What is expected → Pictures are to be omitted, and every entry below is to be restated exactly.
---------- Source records ----------
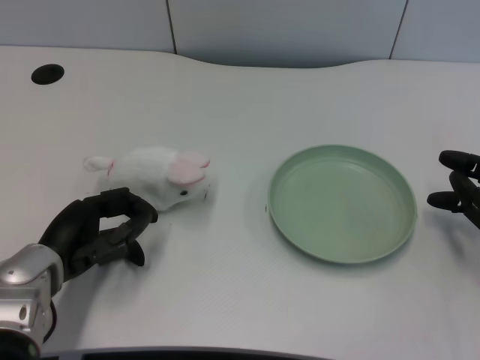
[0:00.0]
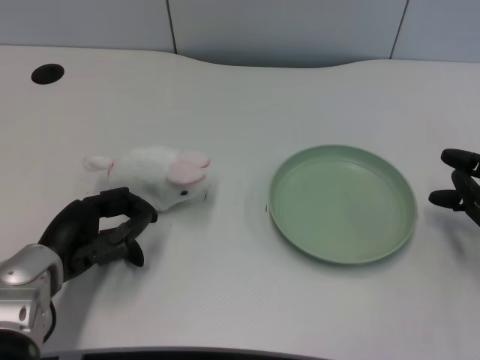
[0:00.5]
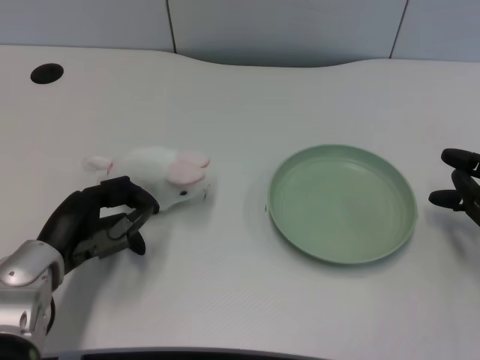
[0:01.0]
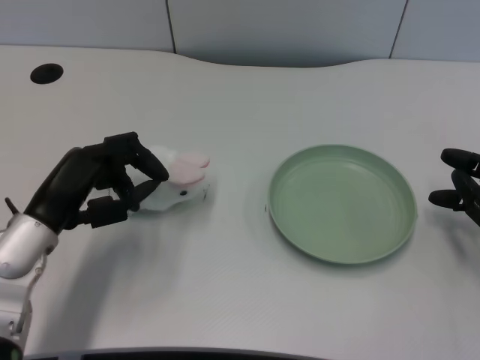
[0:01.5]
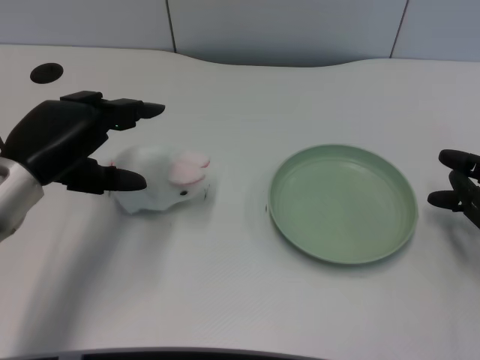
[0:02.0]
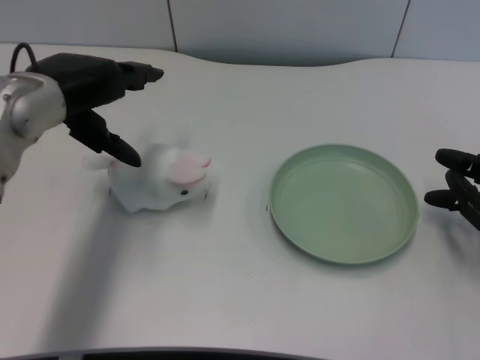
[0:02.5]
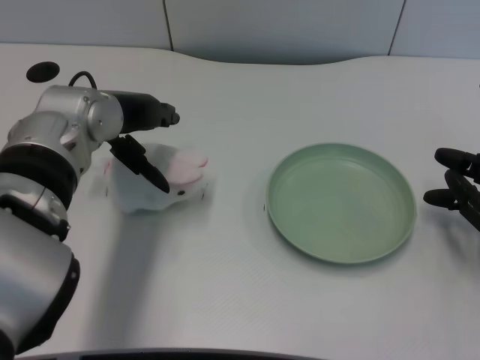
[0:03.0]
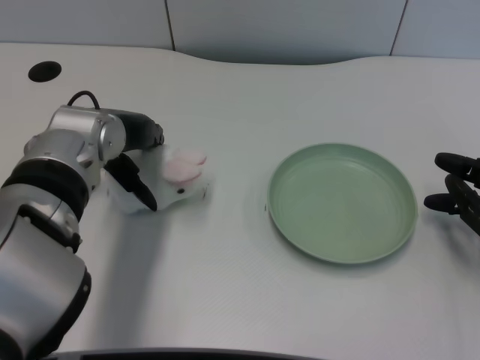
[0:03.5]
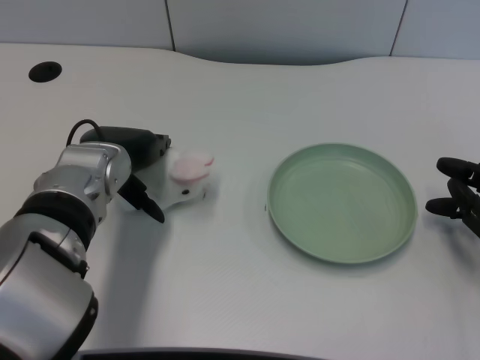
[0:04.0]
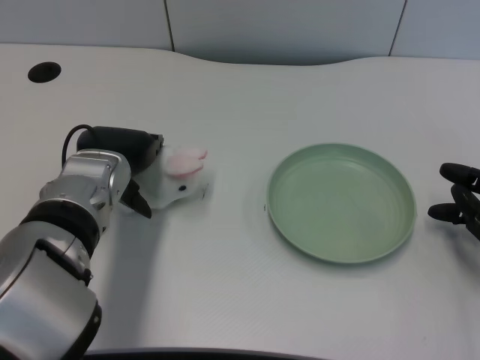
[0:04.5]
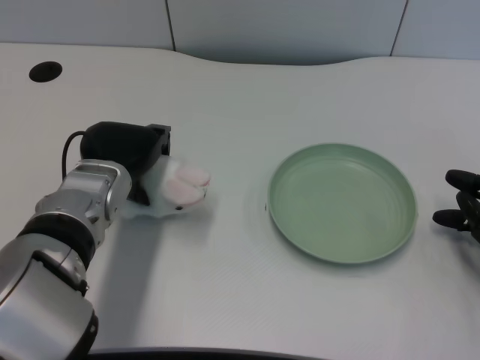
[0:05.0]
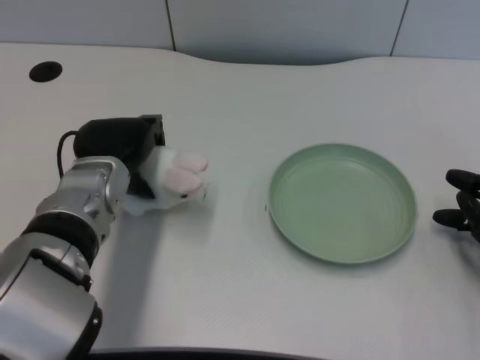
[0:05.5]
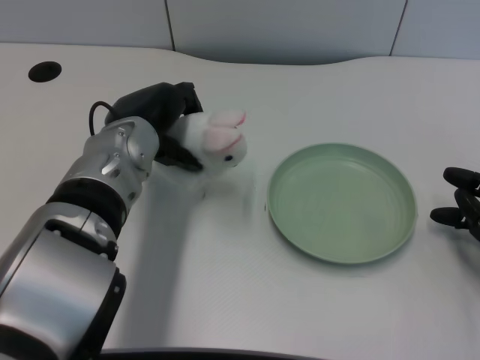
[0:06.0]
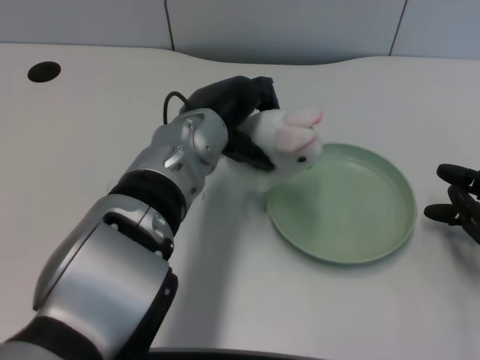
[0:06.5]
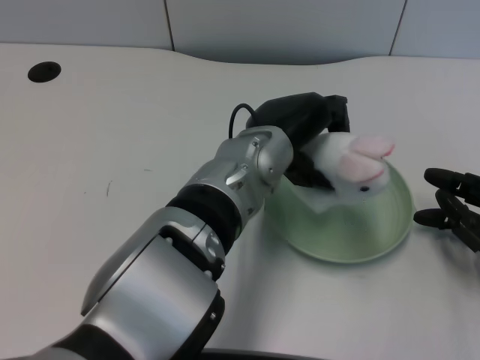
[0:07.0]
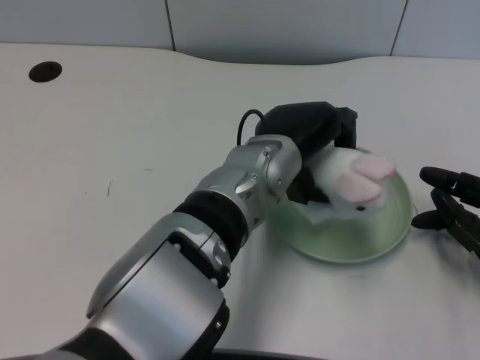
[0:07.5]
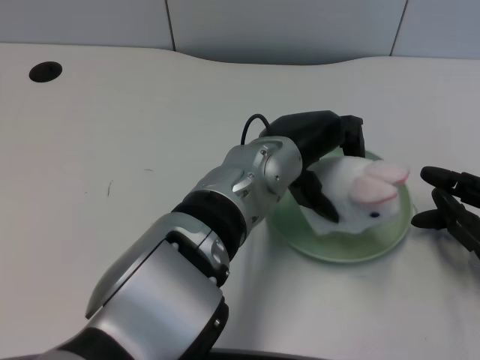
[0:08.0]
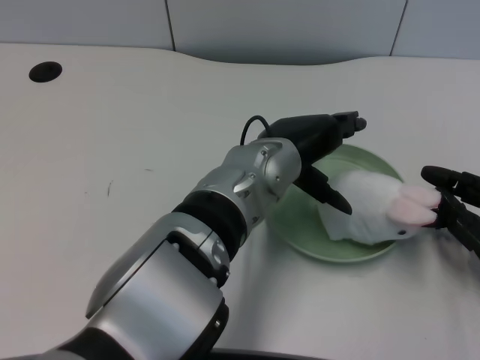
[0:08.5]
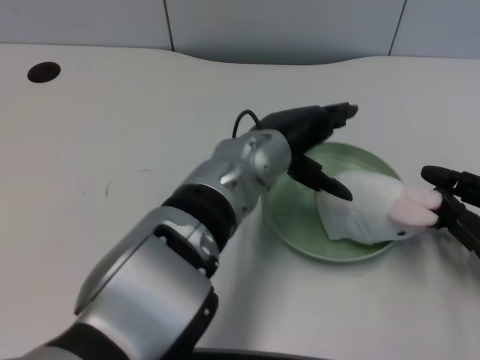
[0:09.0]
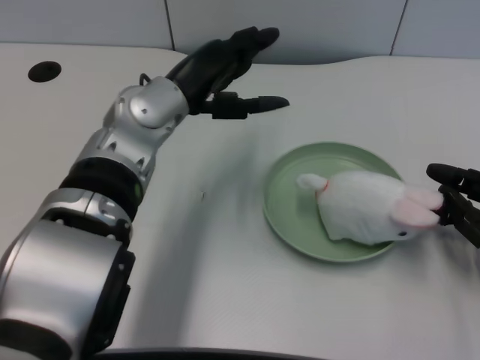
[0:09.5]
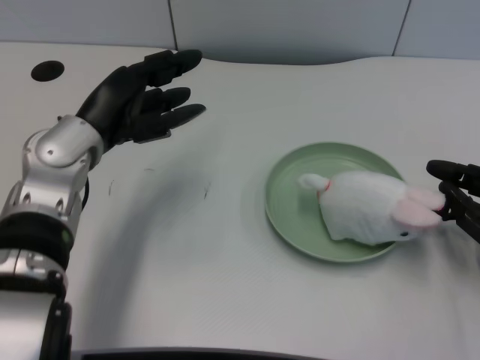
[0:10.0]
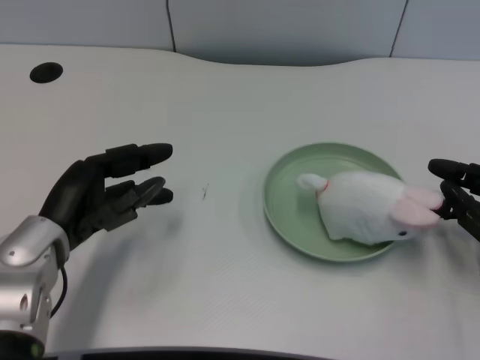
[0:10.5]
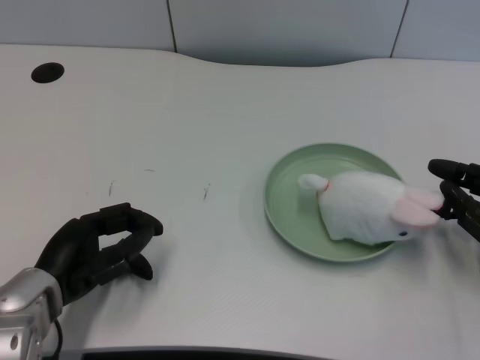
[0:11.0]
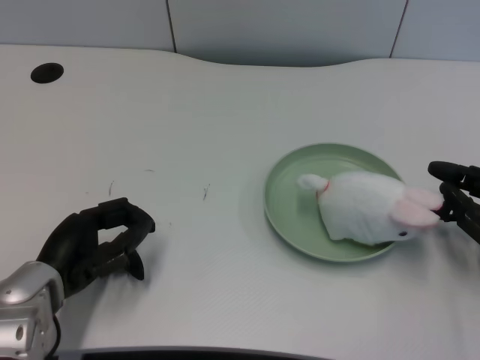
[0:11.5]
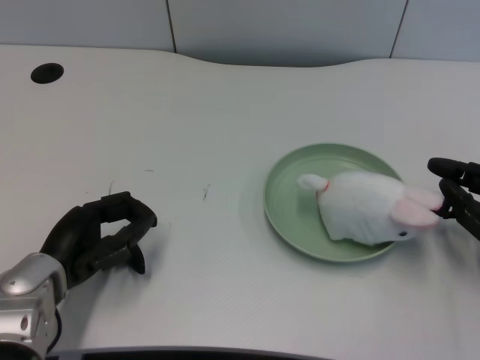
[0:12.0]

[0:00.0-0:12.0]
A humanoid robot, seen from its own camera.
Task of the whole recording: pick up the rabbit doll from the table and place it on the plate.
Step, 0:01.0 to 0:05.5: Grasp the rabbit doll with the left gripper.
Step, 0:06.0 to 0:08.0: Place the rabbit doll into the plate with the left gripper.
0:02.0 to 0:04.0: The left hand heads to the right, covering approximately 10 cm, and reaches about 5 cm upward, then returns.
0:06.0 to 0:08.0: The left hand shifts roughly 15 cm to the right.
0:08.0 to 0:10.0: The left hand shifts roughly 20 cm to the left.
0:10.0 to 0:12.0: The left hand heads downward and backward, covering roughly 15 cm.
----------
Response →
[0:00.0]
[0:00.5]
[0:01.0]
[0:01.5]
[0:02.0]
[0:02.5]
[0:03.0]
[0:03.5]
[0:04.0]
[0:04.5]
[0:05.0]
[0:05.5]
[0:06.0]
[0:06.5]
[0:07.0]
[0:07.5]
[0:08.0]
[0:08.5]
[0:09.0]
[0:09.5]
[0:10.0]
[0:10.5]
[0:11.0]
[0:11.5]
[0:12.0]

[0:00.0-0:12.0]
A humanoid robot, seen from its own camera.
Task of the whole recording: pick up the rabbit doll from the table and place it on the plate.
Step, 0:01.0 to 0:05.5: Grasp the rabbit doll with the left gripper.
Step, 0:06.0 to 0:08.0: Place the rabbit doll into the plate with the left gripper.
0:02.0 to 0:04.0: The left hand heads to the right, covering approximately 10 cm, and reaches about 5 cm upward, then returns.
0:06.0 to 0:08.0: The left hand shifts roughly 15 cm to the right.
0:08.0 to 0:10.0: The left hand shifts roughly 20 cm to the left.
0:10.0 to 0:12.0: The left hand heads downward and backward, covering roughly 15 cm.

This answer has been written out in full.